One method I'm thinking of doing is running through the HTML with regular expressions or jQuery, finding all image URLs, loop through them and preload each with the image object. When all have been preloaded, then inject the HTML into the output div.
Unless you hook up an onload event to each image before it loads and count them up, there's no easy way to tell when they're all loaded.
Here's a relatively bulletproof method (demo) that uses Deferreds, tested and working in IE 6-9, Chrome 19, and Firefox 3.6-10, Opera 10.10-11.52, Android 4, and iOS 5.
First, we'll write a small jQuery plugin that returns an array of Deferreds for each element in the jQuery collection.

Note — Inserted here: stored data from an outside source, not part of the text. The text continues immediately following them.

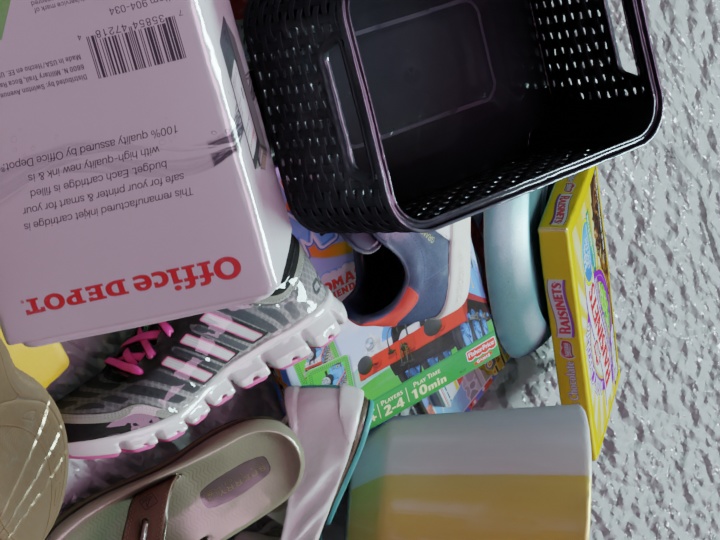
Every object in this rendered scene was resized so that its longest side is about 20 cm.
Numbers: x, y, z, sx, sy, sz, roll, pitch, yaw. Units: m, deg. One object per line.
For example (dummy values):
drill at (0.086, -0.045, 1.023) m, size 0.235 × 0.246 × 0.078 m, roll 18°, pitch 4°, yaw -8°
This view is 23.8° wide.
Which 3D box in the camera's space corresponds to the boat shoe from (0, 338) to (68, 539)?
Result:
boat shoe at (-0.199, 0.074, 0.838) m, size 0.201 × 0.064 × 0.072 m, roll 73°, pitch 35°, yaw -55°

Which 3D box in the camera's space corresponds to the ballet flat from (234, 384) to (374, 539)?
ballet flat at (-0.047, 0.159, 1.069) m, size 0.069 × 0.069 × 0.202 m, roll -3°, pitch 115°, yaw -48°

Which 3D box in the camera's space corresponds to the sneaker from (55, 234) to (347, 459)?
sneaker at (-0.103, 0.034, 0.967) m, size 0.199 × 0.074 × 0.088 m, roll -29°, pitch 110°, yaw -25°

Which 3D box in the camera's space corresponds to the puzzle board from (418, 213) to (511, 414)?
puzzle board at (0.068, 0.001, 1.197) m, size 0.151 × 0.017 × 0.201 m, roll -49°, pitch 131°, yaw -29°

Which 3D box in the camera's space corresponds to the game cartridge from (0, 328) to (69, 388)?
game cartridge at (-0.252, 0.047, 0.843) m, size 0.200 × 0.032 × 0.177 m, roll -49°, pitch 132°, yaw -32°

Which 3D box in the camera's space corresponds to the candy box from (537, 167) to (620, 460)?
candy box at (0.156, 0.026, 1.204) m, size 0.102 × 0.026 × 0.201 m, roll -61°, pitch 147°, yaw -48°

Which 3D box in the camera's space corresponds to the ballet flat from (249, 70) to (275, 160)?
ballet flat at (-0.095, -0.067, 0.974) m, size 0.199 × 0.057 × 0.067 m, roll -25°, pitch 85°, yaw -36°

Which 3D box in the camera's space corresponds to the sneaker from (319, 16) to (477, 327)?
sneaker at (0.016, -0.057, 0.995) m, size 0.084 × 0.075 × 0.202 m, roll -17°, pitch 114°, yaw -29°

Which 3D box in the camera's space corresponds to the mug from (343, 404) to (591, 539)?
mug at (0.066, 0.161, 1.102) m, size 0.187 × 0.152 × 0.151 m, roll -87°, pitch -178°, yaw -79°

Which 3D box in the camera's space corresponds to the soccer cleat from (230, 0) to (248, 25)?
soccer cleat at (-0.043, -0.232, 0.926) m, size 0.085 × 0.068 × 0.202 m, roll -1°, pitch 103°, yaw -56°

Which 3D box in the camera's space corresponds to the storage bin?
storage bin at (0.052, -0.108, 0.902) m, size 0.199 × 0.093 × 0.136 m, roll -22°, pitch 103°, yaw -34°

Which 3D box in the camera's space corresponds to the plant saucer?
plant saucer at (0.124, -0.039, 1.184) m, size 0.200 × 0.027 × 0.202 m, roll 2°, pitch 90°, yaw -71°

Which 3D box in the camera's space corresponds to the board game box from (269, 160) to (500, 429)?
board game box at (0.000, 0.000, 1.076) m, size 0.151 × 0.037 × 0.201 m, roll -28°, pitch 120°, yaw -20°

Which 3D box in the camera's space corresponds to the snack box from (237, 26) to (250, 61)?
snack box at (-0.073, -0.220, 0.968) m, size 0.116 × 0.037 × 0.202 m, roll -20°, pitch 114°, yaw -44°

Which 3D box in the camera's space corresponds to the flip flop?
flip flop at (-0.112, 0.158, 0.980) m, size 0.199 × 0.058 × 0.082 m, roll -31°, pitch 122°, yaw -16°

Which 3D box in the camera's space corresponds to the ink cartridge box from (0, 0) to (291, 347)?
ink cartridge box at (-0.128, -0.079, 0.839) m, size 0.084 × 0.144 × 0.202 m, roll -82°, pitch 159°, yaw -66°

Each Deferred will be resolved when the element loads; or rejected if the element fails to load or (optionally) takes longer than timeout seconds.
$.fn.loaded = function(opts) {
var o = $.extend({timeout:10000}, opts) // Merge default options with supplied options
, r = []; // Return value
this.each(function() {
var dfd = new $.Deferred(), el = $(this), to;
if (o.timeout) to = setTimeout(function() {
done();
dfd.reject();
}, o.timeout);
el.bind('load.dfdl', function() {
done();
dfd.resolve();
}).bind('error.dfdl', function() {
done();
dfd.reject();
});
function done() { // internal clean-up
clearTimeout(to);
el.unbind('.dfdl');
}
r.push(dfd.promise());
});
return r;
};
The timeout will guard against cases where the browser never actually fires any events. I've set the default timeout to 10 seconds here; in the real world you might want to reduce that.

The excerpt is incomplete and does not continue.